Risk
Factors for Inherited Breast and/or Ovarian Cancer:
-
Multiple
cases of breast cancer (particularly where diagnosis occurred at less
than 50 years) and/or ovarian* cancer (any
age) in the family - especially in closely related relatives in more
than one generation.
-
Age
at diagnosis of breast cancer less than 35 years.
-
A
family member diagnosed with both breast and ovarian* cancer.
-
Breast
and/or ovarian* cancer in Jewish families.
-
Family
member(s) with primary cancer occurring in both breasts, especially if
one or both cancers were diagnosed before age 50.
-
A
family member diagnosed with invasive serous ovarian* cancer.
-
Presence
of male breast cancer in the family.
-
Family
member with an identified BRCA1 or BRCA2 mutation.
-
Presence
of other associated cancers or conditions suggestive of an inherited
cancer syndrome.
*includes
cancer of the Fallopian tubes and primary peritoneal cancer
-
Multiple
cases in the family of cancers related to the Hereditary Non-Polyposis
Colorectal Cancer (HNPCC) spectrum with at least one relative affected
with colorectal or endometrial cancer.
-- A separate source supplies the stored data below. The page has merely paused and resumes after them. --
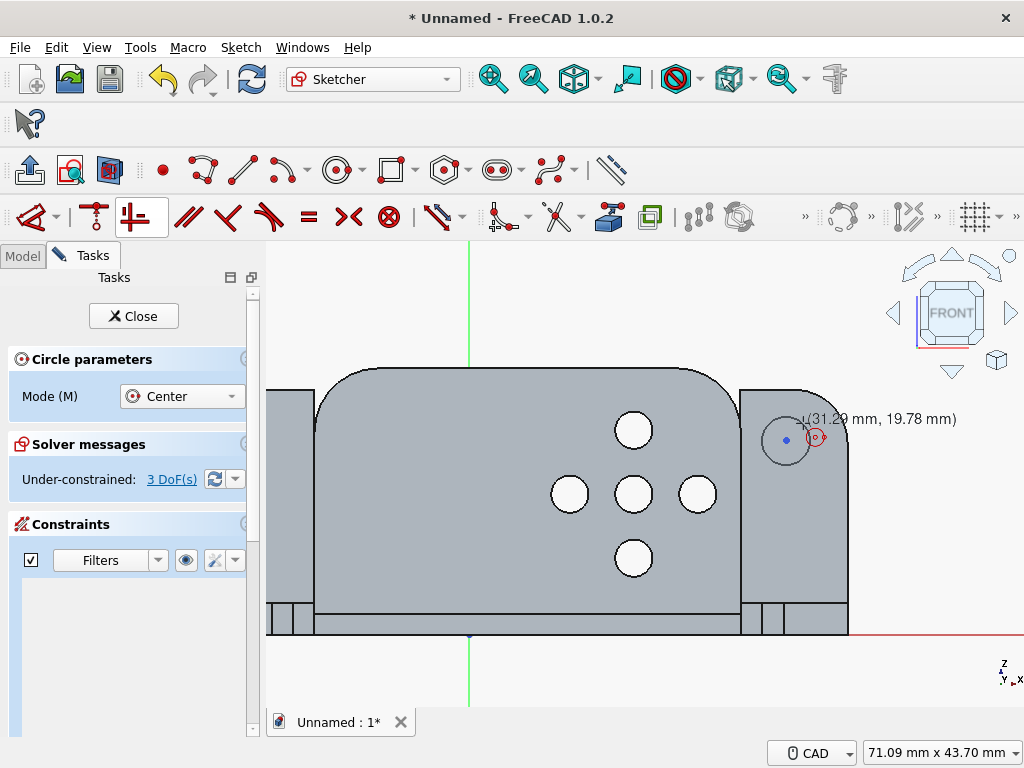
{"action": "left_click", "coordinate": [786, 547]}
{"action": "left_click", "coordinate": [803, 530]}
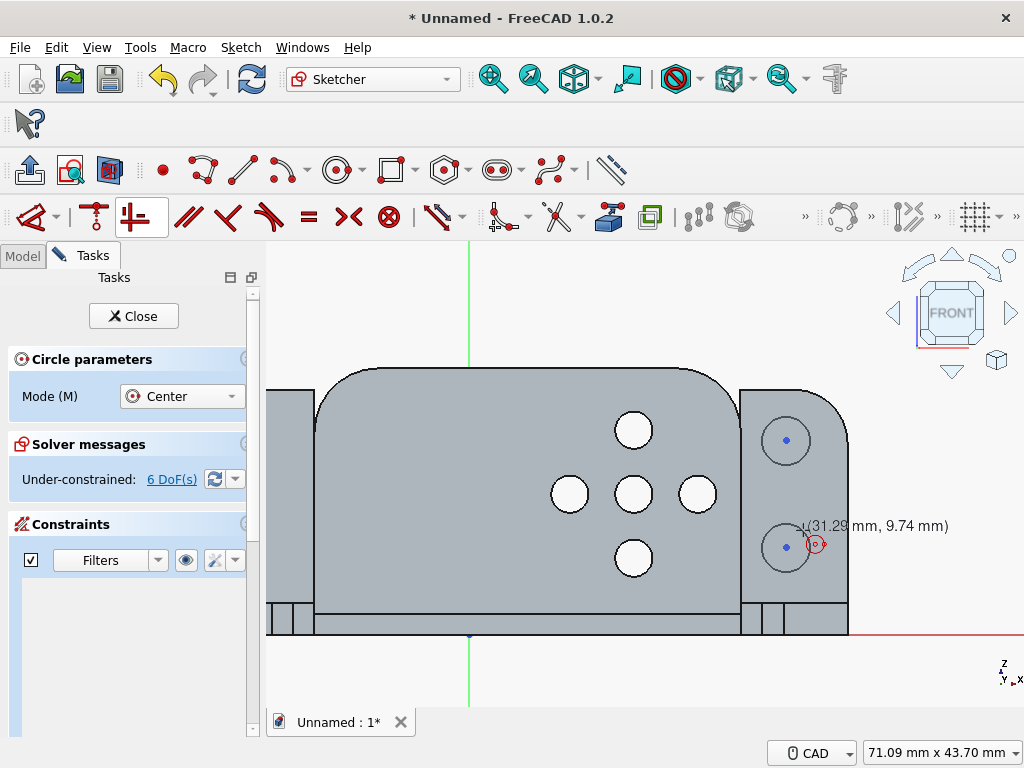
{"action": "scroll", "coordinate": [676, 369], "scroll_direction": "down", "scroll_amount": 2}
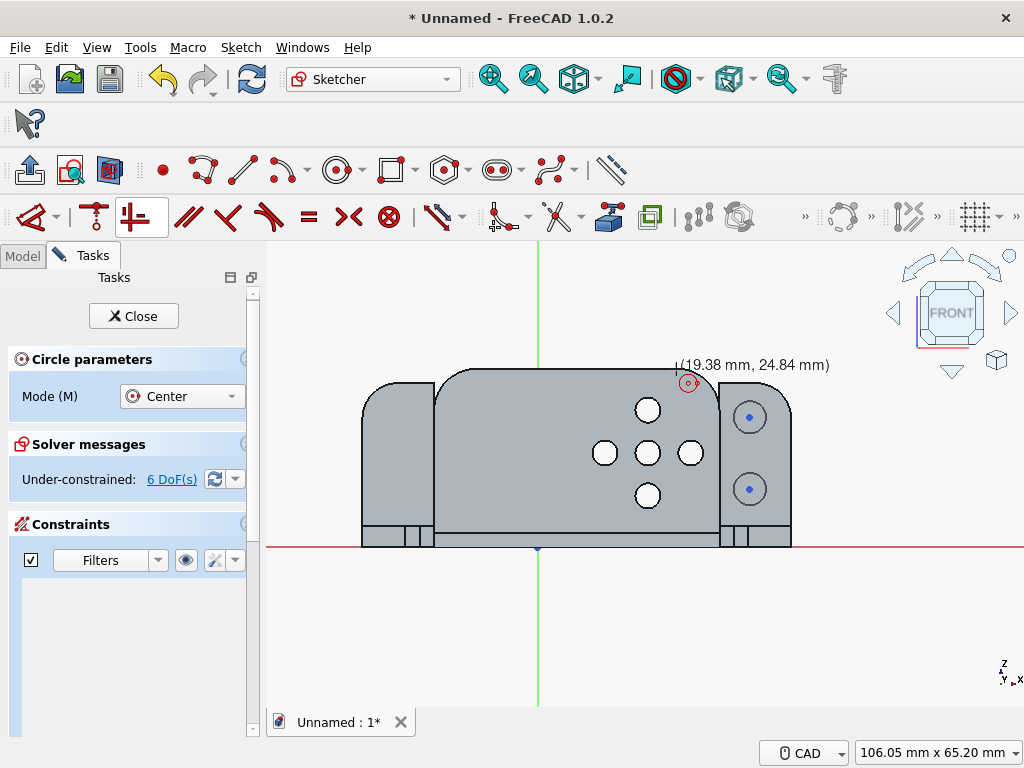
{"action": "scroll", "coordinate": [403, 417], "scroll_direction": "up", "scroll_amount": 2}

An age of onset less than 50
years, in closely related relatives and in more than one generation
would raise the index of suspicion.
Note: Cancers related to the HNPCC spectrum include: colorectal,
gastric, small bowel, hepatobiliary,
pancreatic, endometrial,
ovarian, kidney, ureter, sebaceous carcinoma of the skin and brain
cancers.
-
Age
at diagnosis of colorectal cancer less than 35 years.
-
Multiple
primary cancers in one family member (see 1. above for tumour sites).
-
Family
member with Familial Adenomatous Polyposis (FAP), or 10 or more
histologically confirmed adenomatous polyps (suggestive of attenuated
FAP).
-
Family
member with a colonic adenoma or cancer with high microsatellite
instability (MSI).
-
Family
member with a known mutation causing either HNPCC or FAP.
Genetic
Testing:
Genes
for the hereditary forms of breast and ovarian cancer, and colorectal
cancer have been identified in the past several years. Testing for these
genes is now possible in certain clinical situations.
Genetic
testing is offered only to families that meet criteria for genetic
testing, and in most cases will be offered to a family member affected
with cancer first. If a mutation is detected, testing will then be
available to unaffected members. If affected family members are
unavailable for testing, only in exceptional circumstances will genetic
testing be offered to an unaffected individual. The specific criteria for
eligibility for genetic testing are available from your local genetics
center or familial cancer clinic, or the Nov. 2001 issue of the Ontario
Medical Review (available on-line at www.oma.org).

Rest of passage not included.